After 544 days of grounded flights, South African Airlines (SAA) has emerged from bankruptcy proceedings with its first plane having flown on September 23 after flights were grounded in March 2020, and not necessarily only because of the Covid-19 pandemic.
SAA was once the second-largest airline in Africa, after Ethiopian Airlines, and the airline survived for decades on government bail-outs, experiencing rout cuts even before the full effect of the Covid-19 pandemic was felt across the globe.
In June, the South African government agreed that a 51% stake in SAA would be sold to the Takatso Consortium, which paved the way for a potential capital injection of over 2.9 billion ZAR. Following a state bail-out of over 7.3 billion ZAR and restructuring of its overall debt, SAA only emerged from bankruptcy after it had cut hundreds of jobs.
SAA takes to the sky yet again
Thursday morning saw the slimmed-down airline operate its first flight in over a year from Johannesburg to Cape Town, and passengers on the flight were greeted on departure by singing and dancing airline staff.
However, even if SAA is up and running yet again, it is merely a shadow of its former self operating only six aircraft of its previous 46 total.
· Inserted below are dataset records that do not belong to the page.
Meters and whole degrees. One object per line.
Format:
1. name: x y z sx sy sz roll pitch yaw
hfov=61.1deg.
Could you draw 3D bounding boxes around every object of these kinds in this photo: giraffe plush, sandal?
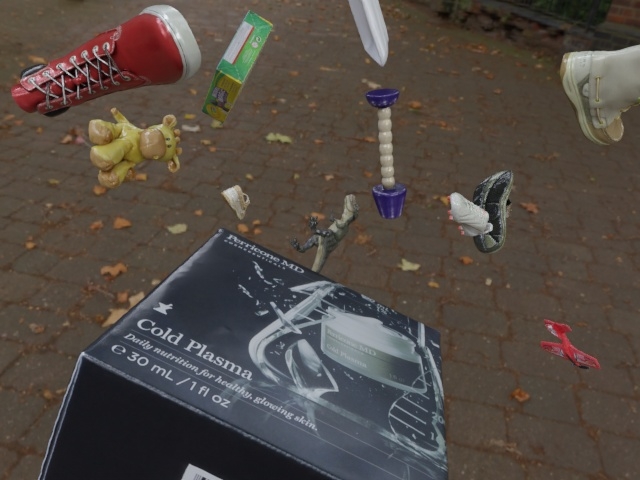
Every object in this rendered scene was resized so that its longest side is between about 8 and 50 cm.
1. giraffe plush: -0.426 -0.224 1.301 0.171 0.181 0.210 0 36 6
2. sandal: 0.528 -0.083 1.650 0.120 0.086 0.302 -10 54 44

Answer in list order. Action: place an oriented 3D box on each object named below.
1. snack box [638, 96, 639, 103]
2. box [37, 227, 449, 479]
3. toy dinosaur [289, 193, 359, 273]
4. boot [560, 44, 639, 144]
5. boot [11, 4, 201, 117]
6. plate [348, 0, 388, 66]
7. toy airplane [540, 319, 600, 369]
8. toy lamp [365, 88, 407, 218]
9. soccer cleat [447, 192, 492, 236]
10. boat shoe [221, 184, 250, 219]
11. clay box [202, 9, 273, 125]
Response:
1. snack box: 0.392 -0.110 0.541 0.037 0.100 0.141 -26 11 1
2. box: -0.076 0.266 0.869 0.480 0.297 0.471 26 21 0
3. toy dinosaur: 0.000 0.000 1.328 0.118 0.268 0.064 24 12 -35
4. boot: 0.490 -0.226 0.847 0.165 0.077 0.213 2 -26 45
5. boot: -0.257 -0.195 0.632 0.176 0.088 0.244 -36 28 -29
6. plate: 0.106 -0.592 1.347 0.045 0.277 0.278 -21 27 5
7. toy airplane: 0.513 0.217 1.138 0.028 0.151 0.151 -45 51 -14
8. toy lamp: 0.143 -0.179 1.163 0.080 0.274 0.080 -7 26 3
9. soccer cleat: 0.346 -0.062 1.253 0.076 0.068 0.196 -7 -22 26
10. boat shoe: -0.222 -0.104 1.489 0.059 0.170 0.063 -37 79 -7
11. clay box: -0.159 -0.303 0.992 0.053 0.127 0.222 28 -16 -15

In addition to its domestic route that resumed on Thursday, SAA plans to start its regional services next week to Lusaka, Accra, Kinshasa, Maputo, and Harare.
The issues that surround the airline is only one of many examples of challenges that state-owned enterprises in South Africa face, especially with widespread corruption as one of the main problems.
SAA has been using public funds for decades and many are interested to see if operations will be sustainable after it emerged from bankruptcy and whether it can redeem its reputation.